Adultery occurs when passion and hunger, love and impatience, all arrive at the same time, flooding the human system in bucketsful. We will control our lusts or tragedy will occur.

Each human is capable of the worst of things. We are flawed beings in a fallen world.

God’s Law is a gift of His grace.

Enough of this business of saying the Old Testament is a book of law and the New Testament a book of grace.

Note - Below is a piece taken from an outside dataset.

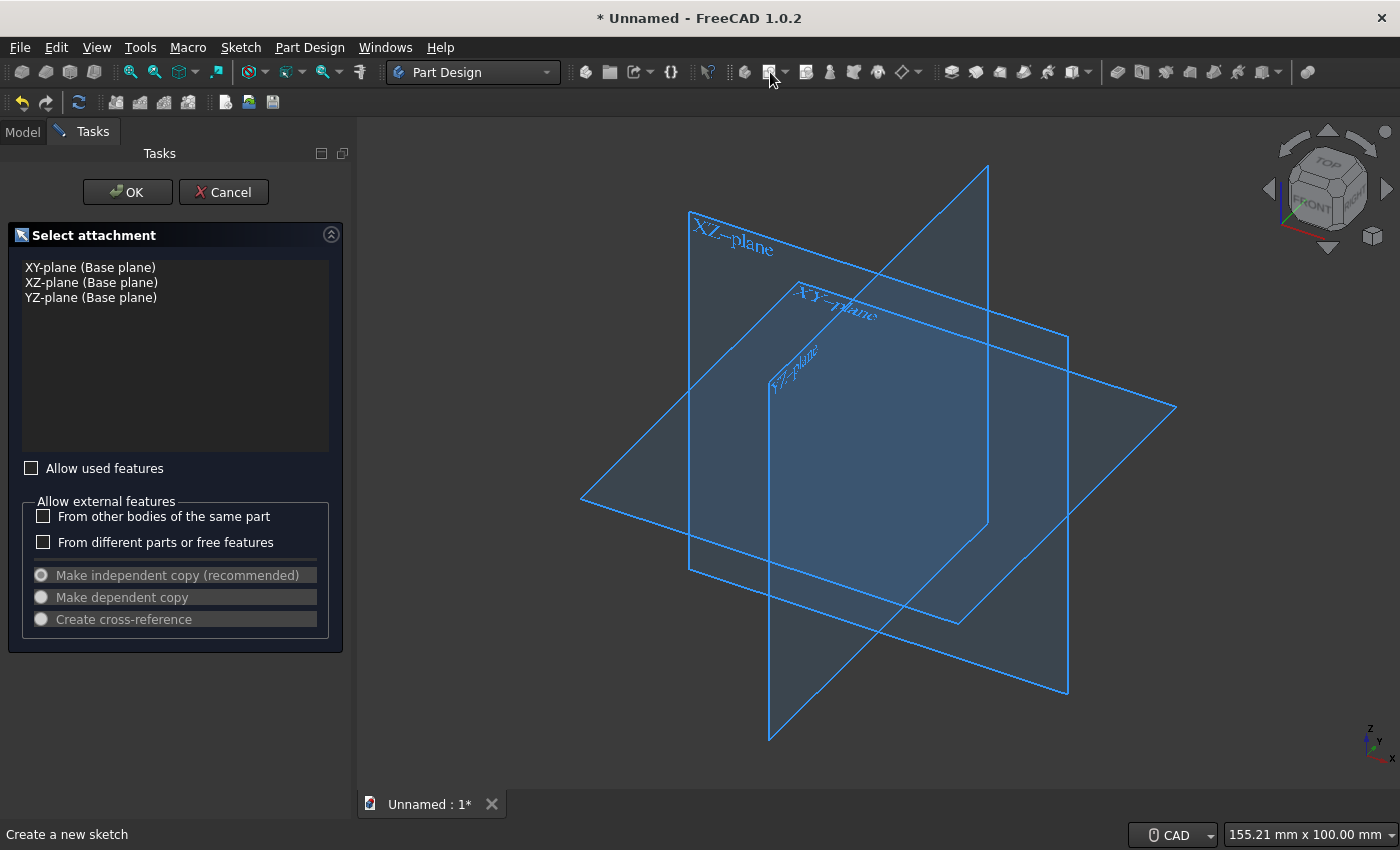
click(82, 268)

It’s all grace, my friend.

God’s laws were given to bless mankind, to keep the forces within us from intermingling in uncontrolled ways and burning us up on the side of the highway.

It may be necessary for some readers to emphasize that by God’s “law,” we mean far more than the Ten Commandments of Exodus 20. As New Testament believers, however, we primarily mean the teachings and instructions of this book–the Gospels, Acts, and the Epistles.

A sampling of the laws given the Lord’s disciples in the New Testament include the following–

“…leave your offering there before the altar, and…be reconciled to your brother, and then come and present your offering” (Matthew 5:24).

“But I say to you, love your enemies, and pray for those who persecute you….” (Matthew 5:44).

“But you, when you pray, go into your inner room, and when you have shut the door, pray to your Father who is in secret, and your Father who sees in secret will repay you” (Matthew 6:6).

“Lay up for yourselves treasures in Heaven…for where your treasure is, there will your heart be also” (Matthew 6:20-21).

“Judge not lest you be judged” (Matthew 7:1).

“Be merciful, just as your Father is merciful” (Luke 6:36).

“Beware, and be on your guard against greed; for not even when one has an abundance does his life consist of his possessions” (Luke 12:15).

“I tell you, no, but unless you repent, you will all likewise perish” (Luke 13:3,5).

“You shall receive power when the Holy Spirit has come upon you; and you shall be my witnesses both in Jerusalem and in all Judea and Samaria, and even to the remotest part of the earth” (Acts 1:8).

What the Lord is doing is holding back our zeal, our enthusiasm, our passion–which might otherwise be spent on lesser things–and directing them under His Spirit’s control into worthwhile endeavors that will bless the most people in the greatest way.

Otherwise, we end life as useless as a pile of ashes on the side of the highway.

So, let us say with the singers of old, “We love Thy Law, O God.”

“I shall delight in Thy commandments, which I love. I shall lift up my hands to Thy commandments, which I love; and I will meditate on Thy statutes” (Ps. 119:47-48).

“Oh, how I love Thy law! It is my meditation all the day” (Ps. 119:95).

“Therefore I love Thy commandments above gold, yes, above fine gold” (Ps. 119:127).

“Those who love Thy law have great peace, and nothing causes them to stumble” (Ps. 119:165).

And finally, this:

“Let my tongue sing of Thy word, for all Thy commandments are righteousness” (Ps. 119:172).